Thanks to Smith for coming to the rescue. You have to believe his credibility in his statement that the safety study gave them exactly what they wanted. He is very encouraging about the long term revenue outlook for the MMX drug.
He did stop just short again from recommending it, even though he talked so highly about it's long term outlook. I don't think you can wait until after the drug approval. Certainly the speculators will drive the stock price up significantly before next October's approval.
Maybe he just wants to see this patent infringement case behind us, as I do. It's like the global market problem with Greece. If we weren't just so totally focused on that, we'd see the forest through the trees.
At least I know we will be fine in a matter of time. We all wish that it was now, so we could see it reflected in our account balance and so we wouldn't have to view all of bucksave's posts.
Smith is saying what I already said a couple weeks ago.
Just to add, the FDA required the 6 mg safety study (and not 9 mg), and in a recent meeting with the FDA, everything looked to be in order for the 4th q NDA filing.
Here was my posting with link below (this is a dream buy at these prices, Load up below $3):
"Using the 6 mg dose for safety in UC patients was following what was done with Entocort EC based based on discussions with the FDA. Entocort 9 mg is used to induce remission in Crohn's, while 6 mg dose is for maintenance of Crohn's, but for only "3 months maintenance" according to labeling.

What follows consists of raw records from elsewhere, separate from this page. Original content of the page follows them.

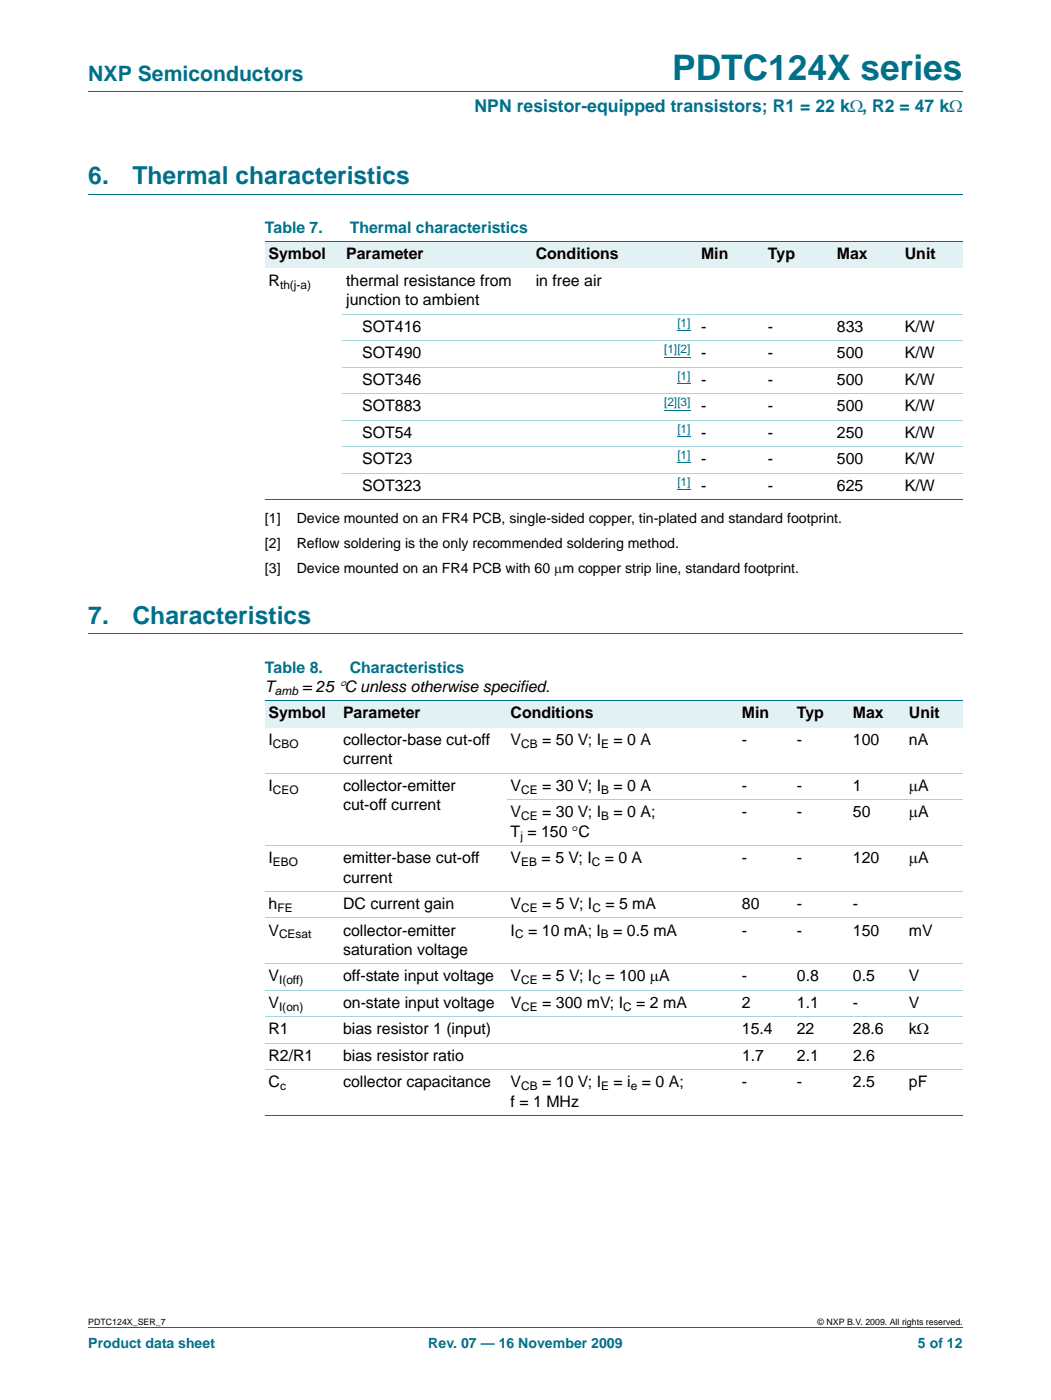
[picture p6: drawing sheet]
<svg xmlns="http://www.w3.org/2000/svg" width="210mm" height="280mm" viewBox="0 0 210 280" stroke-linecap="round" stroke-linejoin="round" font-family="sans-serif">
<defs><g id="words">
<text font-size="7" fill="#00708a" x="134.3" y="16">PDTC124X series</text>
<g font-size="4.9" fill="#00708a">
<text x="17.6" y="36.8">6.</text>
<text x="26.5" y="36.8">Thermal characteristics</text>
<text x="17.6" y="124.6">7.</text>
<text x="26.5" y="124.6">Characteristics</text>
</g>
<text font-size="4.2" fill="#00708a" x="17.6" y="16.2">NXP Semiconductors</text>
<text font-size="3.5" fill="#00708a" x="94.8" y="22.4">NPN resistor-equipped transistors; R1 = 22 kΩ, R2 = 47 kΩ</text>
<g font-size="3.2" fill="#00708a">
<text x="52.9" y="46.5">Table 7.</text>
<text x="69.8" y="46.5">Thermal characteristics</text>
<text x="52.9" y="134.4">Table 8.</text>
<text x="69.9" y="134.4">Characteristics</text>
</g>
<g font-size="3.2">
<text x="53.6" y="51.8">Symbol</text>
<text x="69.2" y="51.8">Parameter</text>
<text x="107" y="51.8">Conditions</text>
<text x="140" y="51.8">Min</text>
<text x="153.4" y="51.8">Typ</text>
<text x="167.2" y="51.8">Max</text>
<text x="180.7" y="51.8">Unit</text>
<text x="53.6" y="57.1">R</text>
<text x="69.2" y="57.1">thermal resistance from</text>
<text x="107" y="57.1">in free air</text>
<text x="69.2" y="61">junction to ambient</text>
<text x="72.3" y="71.6">SOT490</text>
<text x="72.3" y="66.3">SOT416</text>
<text x="140" y="66.3">-</text>
<text x="140" y="71.6">-</text>
<text x="153.4" y="66.3">-</text>
<text x="153.4" y="71.6">-</text>
<text x="167.2" y="66.3">833</text>
<text x="167.2" y="71.6">500</text>
<text x="180.7" y="66.3">K/W</text>
<text x="180.7" y="71.6">K/W</text>
<text x="72.3" y="76.9">SOT346</text>
<text x="140" y="76.9">-</text>
<text x="153.4" y="76.9">-</text>
<text x="167.2" y="76.9">500</text>
<text x="180.7" y="76.9">K/W</text>
<text x="72.3" y="82.2">SOT883</text>
<text x="140" y="82.2">-</text>
<text x="153.4" y="82.2">-</text>
<text x="167.2" y="82.2">500</text>
<text x="180.7" y="82.2">K/W</text>
<text x="72.3" y="87.5">SOT54</text>
<text x="140" y="87.5">-</text>
<text x="153.4" y="87.5">-</text>
<text x="167.2" y="87.5">250</text>
<text x="180.7" y="87.5">K/W</text>
<text x="72.3" y="92.7">SOT23</text>
<text x="140" y="92.7">-</text>
<text x="153.4" y="92.7">-</text>
<text x="167.2" y="92.7">500</text>
<text x="180.7" y="92.7">K/W</text>
<text x="72.3" y="98">SOT323</text>
<text x="140" y="98">-</text>
<text x="153.4" y="98">-</text>
<text x="167.2" y="98">625</text>
<text x="180.7" y="98">K/W</text>
<text x="52.9" y="138.3">T</text>
<text x="53.6" y="143.6">Symbol</text>
<text x="60.4" y="138.3">= 25 °C unless otherwise specified.</text>
<text x="68.5" y="143.6">Parameter</text>
<text x="102" y="143.6">Conditions</text>
<text x="148.2" y="143.6">Min</text>
<text x="159.2" y="143.6">Typ</text>
<text x="170.3" y="143.6">Max</text>
<text x="181.5" y="143.6">Unit</text>
<text x="53.6" y="148.9">I</text>
<text x="68.5" y="148.9">collector-base cut-off</text>
<text x="102" y="148.9">V</text>
<text x="108.3" y="148.9">= 50 V; I</text>
<text x="122.5" y="148.9">= 0 A</text>
<text x="148.2" y="148.9">-</text>
<text x="159.2" y="148.9">-</text>
<text x="170.3" y="148.9">100</text>
<text x="181.5" y="148.9">nA</text>
<text x="68.5" y="152.7">current</text>
<text x="53.6" y="158">I</text>
<text x="68.5" y="158">collector-emitter</text>
<text x="68.5" y="161.9">cut-off current</text>
<text x="102" y="158">V</text>
<text x="108.3" y="158">= 30 V; I</text>
<text x="122.5" y="158">= 0 A</text>
<text x="148.2" y="158">-</text>
<text x="159.2" y="158">-</text>
<text x="170.3" y="158">1</text>
<text x="181.5" y="158">μA</text>
<text x="102" y="163.3">V</text>
<text x="102" y="167.2">T = 150 °C</text>
<text x="108.3" y="163.3">= 30 V; I</text>
<text x="122.5" y="163.3">= 0 A;</text>
<text x="148.2" y="163.3">-</text>
<text x="159.2" y="163.3">-</text>
<text x="170.3" y="163.3">50</text>
<text x="181.5" y="163.3">μA</text>
<text x="53.6" y="172.5">I</text>
<text x="68.5" y="172.5">emitter-base cut-off</text>
<text x="102" y="172.5">V</text>
<text x="108.2" y="172.5">= 5 V; I</text>
<text x="120.8" y="172.5">= 0 A</text>
<text x="148.2" y="172.5">-</text>
<text x="159.2" y="172.5">-</text>
<text x="170.3" y="172.5">120</text>
<text x="181.5" y="172.5">μA</text>
<text x="68.5" y="176.4">current</text>
<text x="53.6" y="181.7">h</text>
<text x="68.5" y="181.7">DC current gain</text>
<text x="102" y="181.7">V</text>
<text x="108.3" y="181.7">= 5 V; I</text>
<text x="120.9" y="181.7">= 5 mA</text>
<text x="148.2" y="181.7">80</text>
<text x="159.2" y="181.7">-</text>
<text x="170.3" y="181.7">-</text>
<text x="53.6" y="187">V</text>
<text x="68.5" y="187">collector-emitter</text>
<text x="68.5" y="190.8">saturation voltage</text>
<text x="102" y="187">I</text>
<text x="105.5" y="187">= 10 mA; I</text>
<text x="122.5" y="187">= 0.5 mA</text>
<text x="148.2" y="187">-</text>
<text x="159.1" y="187">-</text>
<text x="170.3" y="187">150</text>
<text x="181.5" y="187">mV</text>
<text x="53.6" y="196.1">V</text>
<text x="68.5" y="196.1">off-state input voltage</text>
<text x="102" y="196.1">V</text>
<text x="108.3" y="196.1">= 5 V; I</text>
<text x="120.9" y="196.1">= 100 μA</text>
<text x="148.2" y="196.1">-</text>
<text x="159.2" y="196.1">0.8</text>
<text x="170.3" y="196.1">0.5</text>
<text x="181.5" y="196.1">V</text>
<text x="53.6" y="201.4">V</text>
<text x="68.5" y="201.4">on-state input voltage</text>
<text x="102" y="201.4">V</text>
<text x="108.3" y="201.4">= 300 mV; I</text>
<text x="127.1" y="201.4">= 2 mA</text>
<text x="148.2" y="201.4">2</text>
<text x="159.2" y="201.4">1.1</text>
<text x="170.3" y="201.4">-</text>
<text x="181.5" y="201.4">V</text>
<text x="53.6" y="206.7">R1</text>
<text x="68.5" y="206.7">bias resistor 1 (input)</text>
<text x="148.2" y="206.7">15.4</text>
<text x="159.1" y="206.7">22</text>
<text x="170.3" y="206.7">28.6</text>
<text x="181.5" y="206.7">kΩ</text>
<text x="53.6" y="212">R2/R1</text>
<text x="68.5" y="212">bias resistor ratio</text>
<text x="148.2" y="212">1.7</text>
<text x="159.2" y="212">2.1</text>
<text x="170.4" y="212">2.6</text>
<text x="53.6" y="217.3">C</text>
<text x="68.5" y="217.3">collector capacitance</text>
<text x="102" y="217.3">V</text>
<text x="102" y="221.2">f = 1 MHz</text>
<text x="108.3" y="217.3">= 10 V; I</text>
<text x="122.5" y="217.3">= i = 0 A;</text>
<text x="148.2" y="217.3">-</text>
<text x="159.2" y="217.3">-</text>
<text x="170.3" y="217.3">2.5</text>
<text x="181.5" y="217.3">pF</text>
</g>
<g font-size="2.8">
<text x="52.9" y="104.5">[1]</text>
<text x="59.3" y="104.5">Device mounted on an FR4 PCB, single-sided copper, tin-plated and standard footprint.</text>
<text x="52.9" y="109.4">[2]</text>
<text x="59.3" y="109.4">Reflow soldering is the only recommended soldering method.</text>
<text x="52.9" y="114.4">[3]</text>
<text x="59.3" y="114.4">Device mounted on an FR4 PCB with 60 μm copper strip line, standard footprint.</text>
</g>
<g font-size="2.8" fill="#00708a">
<text x="17.6" y="269.3">Product data sheet</text>
<text x="85.5" y="269.3">Rev. 07 — 16 November 2009</text>
<text x="183.3" y="269.3">5 of 12</text>
</g>
<g font-size="2.4">
<text x="55.9" y="57.7">th(j-a)</text>
<text x="54.9" y="138.8">amb</text>
<text x="54.5" y="149.4">CBO</text>
<text x="104.1" y="149.4">CB</text>
<text x="120.1" y="149.4">E</text>
<text x="54.5" y="158.6">CEO</text>
<text x="104.1" y="158.6">CE</text>
<text x="120.1" y="158.6">B</text>
<text x="103.9" y="167.8">j</text>
<text x="104.1" y="163.9">CE</text>
<text x="120.1" y="163.9">B</text>
<text x="54.5" y="173.1">EBO</text>
<text x="104.1" y="173.1">EB</text>
<text x="118.2" y="173.1">C</text>
<text x="55.4" y="182.2">FE</text>
<text x="104.1" y="182.2">CE</text>
<text x="118.3" y="182.2">C</text>
<text x="55.7" y="187.5">CEsat</text>
<text x="102.9" y="187.5">C</text>
<text x="120" y="187.5">B</text>
<text x="55.7" y="196.7">I(off)</text>
<text x="104.1" y="196.7">CE</text>
<text x="118.3" y="196.7">C</text>
<text x="55.7" y="202">I(on)</text>
<text x="104.1" y="202">CE</text>
<text x="124.5" y="202">C</text>
<text x="55.9" y="217.9">c</text>
<text x="104.1" y="217.9">CB</text>
<text x="120.1" y="217.9">E</text>
<text x="126" y="217.9">e</text>
</g>
<g font-size="2.4" fill="#00f">
<text x="135.3" y="65.3">[1]</text>
<text x="132.6" y="70.6">[1][2]</text>
<text x="135.3" y="75.9">[1]</text>
<text x="132.6" y="81.2">[2][3]</text>
<text x="135.3" y="86.5">[1]</text>
<text x="135.3" y="91.8">[1]</text>
<text x="135.3" y="97.1">[1]</text>
</g>
<g font-size="1.8">
<text x="17.6" y="264.7">PDTC124X_SER_7</text>
<text x="163.3" y="264.7">© NXP B.V. 2009. All rights reserved.</text>
</g>
</g></defs>
<path d="M17.6 18.3h174.7M17.6 38.8h174.7M17.6 126.6h174.7M17.6 265.3h174.7" fill="none" stroke="#00708a" stroke-width=".2"/>
<g fill="#e2f1f4">
<path d="M52.9 48.3h15.6v5.3h-15.6z"/>
<path d="M68.5 48.3h37.8v5.3h-37.8z"/>
<path d="M106.3 48.3h22.5v5.3h-22.5z"/>
<path d="M128.8 48.3h23.9v5.3h-23.9z"/>
<path d="M152.7 48.3h13.8v5.3h-13.8z"/>
<path d="M166.5 48.3h13.5v5.3h-13.5z"/>
<path d="M180 48.3h12.3v5.3h-12.3z"/>
</g>
<path d="M132.6 71.3h5.3M135.3 66.1h2.6M135.3 76.6h2.6M132.6 81.9h5.3M135.3 87.2h2.6M135.3 92.5h2.6M135.3 97.8h2.6" fill="none" stroke="#00f" stroke-width=".2"/>
<path d="M52.9 48.3h139.4M52.9 99.8h139.4" fill="none" stroke="#00708a" stroke-width=".2"/>
<path d="M68.5 62.8h123.8M68.5 68.1h123.8M68.5 73.4h123.8M68.5 78.7h123.8M68.5 83.9h123.8M68.5 89.2h123.8M68.5 94.5h123.8" fill="none" stroke="#a5d5dc" stroke-width=".2"/>
<g fill="#e2f1f4">
<path d="M52.9 140h14.9v5.3h-14.9z"/>
<path d="M67.8 140h33.5v5.3h-33.5z"/>
<path d="M101.3 140h41v5.3h-41z"/>
<path d="M142.3 140h16.2v5.3h-16.2z"/>
<path d="M158.5 140h11.1v5.3h-11.1z"/>
<path d="M169.6 140h11.2v5.3h-11.2z"/>
<path d="M180.8 140h11.5v5.3h-11.5z"/>
</g>
<path d="M52.9 140h139.4M52.9 222.9h139.4" fill="none" stroke="#00708a" stroke-width=".2"/>
<path d="M52.9 154.5h139.4M101.3 159.8h91M52.9 169h139.4M52.9 178.1h139.4M52.9 183.4h139.4M52.9 192.6h139.4M52.9 197.9h139.4M52.9 203.2h139.4M52.9 208.5h139.4M52.9 213.8h139.4" fill="none" stroke="#a5d5dc" stroke-width=".2"/>
<use href="#words"/>
</svg>

It was already known the 6 mg dose of Budesonide MMX was not the dose of choice for induction of remission (the 9 mg was statistically significant). To do a maintenance trial would require more patients and expense to possibly warrant the maintenance indication. This 6 mg trial was not really designed to have the power to find statistical significance for maintenance therapy, but only to show if there might be safety issues (there were none) and glean any efficacy data (the data trended toward this in 2 categories).
The FDA is very familiar with budesonide through Entocort, and this is a 505 2b trial, so should easily be approved for induction of remission based on the EU and US phase 3 data package. Doctors can do what they want with it after that.
Lialda, another Cosmo MMX product, is already selling in the US, and doing pretty well."